Faust

Dernier volet de la tétralogie d’Alexandr Sokourov, Faust emmène son cinéma vers des cimes de sophistication visuelle, longue hallucination cinématographique dont le texte très littéraire servirait de guide raisonné. Une expérience épuisante mais assez inoubliable. Christophe Chabert

Faust arrive sur les écrans près d’un an après son sacre à la Mostra de Venise, mais il paraît appartenir déjà à une autre époque. Reste à savoir si cette époque est un futur proche où l’image numérique aurait été assimilée par les metteurs en scène les plus exigeants pour transcender leur cinéma ou un passé renvoyant à l’avant-garde de l’Est (Faust rappelle autant l’onirisme tchèque que le cinéma soviétique)… Ainsi, le 4/3 aux bords arrondis et le sfumato d’une image tirant vers le sépia signée Bruno Delbonnel (le chef opérateur de Jeunet) rencontrent des effets spéciaux inattendus, comme lors de ce subjuguant plan d’ouverture où un miroir traverse les nuages pour aller se déposer sur une petite ville elle aussi hors du temps. Passé et présent, jeunesse et éternité : c’est aussi Goethe qui rencontre l’imaginaire stylisé d’Alexandr Sokourov ou, bien sûr, le professeur Faust qui croise le chemin du Diable.

Le Diable par la queue

Comme Cosmopolis de Cronenberg, Faust est un film de texte et de mise en scène. On ne peut pas vraiment parler de scénario dialogué, tant c’est avant tout une langue, rugueuse et littéraire, qui sert de guide dans la cathédrale filmique de Sokourov. L’image ne cherche que la fulgurance, dans les visages (magnifiques portraits vivants de Margarete, incarnation d’une beauté encore vierge d’un mal qui peu à peu l’encercle) ou dans les soudains changements d’échelle des plans ; le texte, lui, relève de la méditation poétique et philosophique. Les deux réunis provoquent un effet d’épuisement sur la longueur d’un film dont on sort ébloui et hagard.
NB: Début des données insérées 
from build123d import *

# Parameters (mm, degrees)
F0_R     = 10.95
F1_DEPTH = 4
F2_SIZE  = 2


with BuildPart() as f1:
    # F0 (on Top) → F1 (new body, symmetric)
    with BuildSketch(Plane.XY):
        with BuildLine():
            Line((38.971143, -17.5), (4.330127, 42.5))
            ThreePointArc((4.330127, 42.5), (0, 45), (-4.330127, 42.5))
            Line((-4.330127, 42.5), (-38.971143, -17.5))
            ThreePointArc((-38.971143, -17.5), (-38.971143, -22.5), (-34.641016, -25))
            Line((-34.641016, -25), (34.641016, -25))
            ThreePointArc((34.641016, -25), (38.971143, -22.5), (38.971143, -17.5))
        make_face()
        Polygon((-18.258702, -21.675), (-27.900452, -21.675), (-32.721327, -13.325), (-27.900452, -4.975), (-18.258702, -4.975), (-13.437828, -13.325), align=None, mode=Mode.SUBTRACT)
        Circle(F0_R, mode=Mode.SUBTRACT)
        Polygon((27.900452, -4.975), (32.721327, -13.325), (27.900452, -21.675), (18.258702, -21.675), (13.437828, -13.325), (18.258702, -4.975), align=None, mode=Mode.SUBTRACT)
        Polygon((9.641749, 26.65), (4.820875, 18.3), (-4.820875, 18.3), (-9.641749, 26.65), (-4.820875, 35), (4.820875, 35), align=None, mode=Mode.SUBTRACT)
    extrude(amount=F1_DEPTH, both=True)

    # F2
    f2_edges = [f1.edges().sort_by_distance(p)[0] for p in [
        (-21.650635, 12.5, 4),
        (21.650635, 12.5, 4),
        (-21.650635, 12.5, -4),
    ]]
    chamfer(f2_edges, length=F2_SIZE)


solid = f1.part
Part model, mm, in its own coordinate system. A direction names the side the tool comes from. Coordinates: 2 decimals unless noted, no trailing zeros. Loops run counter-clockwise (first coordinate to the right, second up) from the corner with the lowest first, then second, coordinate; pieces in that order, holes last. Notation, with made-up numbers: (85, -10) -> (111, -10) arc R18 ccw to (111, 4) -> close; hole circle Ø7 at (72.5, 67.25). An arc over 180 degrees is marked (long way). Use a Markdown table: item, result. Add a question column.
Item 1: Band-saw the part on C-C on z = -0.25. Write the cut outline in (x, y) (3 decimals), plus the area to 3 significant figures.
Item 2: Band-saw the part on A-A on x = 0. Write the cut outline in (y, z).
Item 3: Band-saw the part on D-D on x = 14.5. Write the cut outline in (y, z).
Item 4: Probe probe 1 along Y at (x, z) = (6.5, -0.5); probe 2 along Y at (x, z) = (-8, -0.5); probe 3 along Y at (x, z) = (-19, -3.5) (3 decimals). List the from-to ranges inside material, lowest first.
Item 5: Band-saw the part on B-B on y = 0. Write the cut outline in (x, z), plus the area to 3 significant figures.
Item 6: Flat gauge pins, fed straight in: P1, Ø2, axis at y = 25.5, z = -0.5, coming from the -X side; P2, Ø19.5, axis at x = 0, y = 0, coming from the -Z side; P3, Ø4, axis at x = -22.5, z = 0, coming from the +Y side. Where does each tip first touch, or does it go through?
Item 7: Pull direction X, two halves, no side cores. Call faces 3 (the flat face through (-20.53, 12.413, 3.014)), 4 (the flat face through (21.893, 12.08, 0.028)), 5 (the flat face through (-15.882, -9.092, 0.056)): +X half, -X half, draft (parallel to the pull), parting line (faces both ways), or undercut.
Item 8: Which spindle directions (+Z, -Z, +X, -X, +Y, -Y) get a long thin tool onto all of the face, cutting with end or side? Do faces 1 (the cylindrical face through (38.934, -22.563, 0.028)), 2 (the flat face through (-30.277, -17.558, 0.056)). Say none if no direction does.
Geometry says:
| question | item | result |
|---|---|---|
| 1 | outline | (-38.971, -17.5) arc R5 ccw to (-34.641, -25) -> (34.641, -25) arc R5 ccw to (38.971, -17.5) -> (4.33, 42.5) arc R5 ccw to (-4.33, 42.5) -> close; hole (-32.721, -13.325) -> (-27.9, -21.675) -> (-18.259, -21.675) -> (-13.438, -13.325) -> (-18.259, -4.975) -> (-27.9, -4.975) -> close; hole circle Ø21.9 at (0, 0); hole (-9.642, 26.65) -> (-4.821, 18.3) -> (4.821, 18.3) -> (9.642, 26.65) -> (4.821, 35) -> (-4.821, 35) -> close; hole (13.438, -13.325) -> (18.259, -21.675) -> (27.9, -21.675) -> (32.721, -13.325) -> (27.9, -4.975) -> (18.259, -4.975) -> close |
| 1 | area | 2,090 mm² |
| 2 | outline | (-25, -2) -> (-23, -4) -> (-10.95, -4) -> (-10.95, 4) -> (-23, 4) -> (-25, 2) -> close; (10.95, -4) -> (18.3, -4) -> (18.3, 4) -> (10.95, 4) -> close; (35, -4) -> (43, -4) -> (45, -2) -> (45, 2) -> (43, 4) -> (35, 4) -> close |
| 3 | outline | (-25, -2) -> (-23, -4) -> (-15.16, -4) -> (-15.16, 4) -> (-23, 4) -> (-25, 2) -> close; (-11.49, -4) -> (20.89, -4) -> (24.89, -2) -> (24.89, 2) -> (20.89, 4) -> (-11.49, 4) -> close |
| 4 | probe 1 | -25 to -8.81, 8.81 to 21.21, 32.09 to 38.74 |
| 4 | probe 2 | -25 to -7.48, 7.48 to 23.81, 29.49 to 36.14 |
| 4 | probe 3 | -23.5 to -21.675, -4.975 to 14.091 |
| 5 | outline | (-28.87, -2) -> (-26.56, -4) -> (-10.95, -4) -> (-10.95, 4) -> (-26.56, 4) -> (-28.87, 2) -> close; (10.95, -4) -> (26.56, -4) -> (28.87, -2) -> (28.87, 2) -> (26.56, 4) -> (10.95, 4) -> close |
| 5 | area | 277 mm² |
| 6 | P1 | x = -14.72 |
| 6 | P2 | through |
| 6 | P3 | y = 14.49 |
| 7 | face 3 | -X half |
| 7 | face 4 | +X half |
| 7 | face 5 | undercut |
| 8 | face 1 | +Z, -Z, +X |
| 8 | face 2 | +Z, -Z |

Sokourov, pourtant, n’a jamais été aussi limpide qu’ici : son Faust encore vert scelle un pacte tardif et sans réel enjeu avec un Diable sans charme qui n’a d’autre dessein que l’accompagner comme le spectateur amusé de ses turpitudes et égarements. La monstruosité du pouvoir et la quête de la jouissance, sujet de cette tétralogie dont Faust est la conclusion, rodent au cœur des séquences : on se renifle, on se touche, on cadre en gros plan le pénis d’un cadavre avant de l’éviscérer, on se déshabille pour révéler un corps difforme où la queue du Diable porte bien son nom, et finalement on vend son âme pour un précieux et fugace instant de plaisir… En s’abstrayant des références à l’Histoire des volets précédents, Sokourov gagne indéniablement en ampleur dans ce Faust fascinant et unique.